The aim of TrainTrack is simple: Given any set of self-contained [Pytorch Lightning](https://github.com/PyTorchLightning/pytorch-lightning) modules, run them in a serial and trackable way. 

At its heart, TrainTrack is nothing more than a loop over the stages defined in a `pipeline.yaml` configuration file. However, it can also handle data processing steps (i.e. non-trainable modules), automatically creates grid scans over combinations of hyperparameters, logs training with (currently) either Tensorboard or Weights & Biases, and can run separate, dependent Slurm batch jobs. It also has an opinionated approach to how data is passed from stage to stage, via Lightning callbacks. In this way, the only code that needs to be written is Lightning modules, all other boilerplate and tracking is handled by TrainTrack. 

## Example

**Todo**

<!-- ## Objectives

1. To abstract away the engineering required to run multiple stages of training and inference with combinations of hyperparameter configurations. [Pytorch Lightning](https://github.com/PyTorchLightning/pytorch-lightning) is used for this, and is a good start, but this library extends Lightning to multiple modules run in series in some dependent way.
2. To present a set of templates, best practices and results gathered from significant trial and error, to speed up the development of others in the domain of machine learning for high energy physics.
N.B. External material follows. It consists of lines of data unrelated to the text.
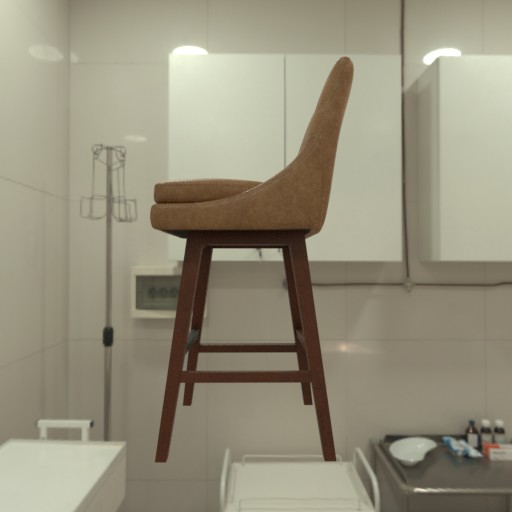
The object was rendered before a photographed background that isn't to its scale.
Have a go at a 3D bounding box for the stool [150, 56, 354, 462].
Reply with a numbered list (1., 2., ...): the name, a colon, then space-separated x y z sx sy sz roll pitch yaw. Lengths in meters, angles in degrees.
1. stool: 0.000 0.000 1.402 0.572 1.079 0.487 0 -1 0
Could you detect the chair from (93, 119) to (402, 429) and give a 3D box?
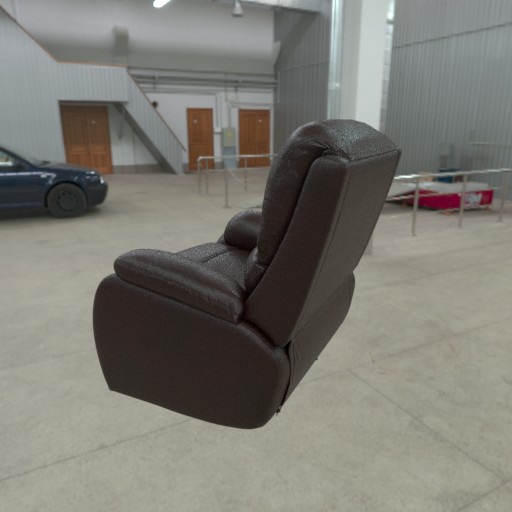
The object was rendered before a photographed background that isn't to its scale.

We focus on applications specific to detector physics, but many tools can be applied to other areas, and these are collected in an application-agnostic way in the [Tools](https://hsf-reco-and-software-triggers.github.io/Tracking-ML-Exa.TrkX/tools/overview/) section.

### Disclaimer:

This repository has been functional, but ugly. It is moving to an "alpha" version which follows many conventions and should be considerably more stable and user-friendly. This transition is expected before May 2021. Please be a little patient if using before then, and if something is broken, pull first to make sure it's not already solved, then post an issue second.

## Intro

To start as quickly as possible, clone the repository, [Install](https://hsf-reco-and-software-triggers.github.io/Tracking-ML-Exa.TrkX/pipelines/quickstart) and follow the steps in [Quickstart](https://hsf-reco-and-software-triggers.github.io/Tracking-ML-Exa.TrkX/pipelines/quickstart). This will get you generating toy tracking data and running inference immediately. Many of the choices of structure will be made clear there. If you already have a particle physics problem in mind, you can apply the [Template](https://hsf-reco-and-software-triggers.github.io/Tracking-ML-Exa.TrkX/pipelines/choosingguide.md) that is most suitable to your use case.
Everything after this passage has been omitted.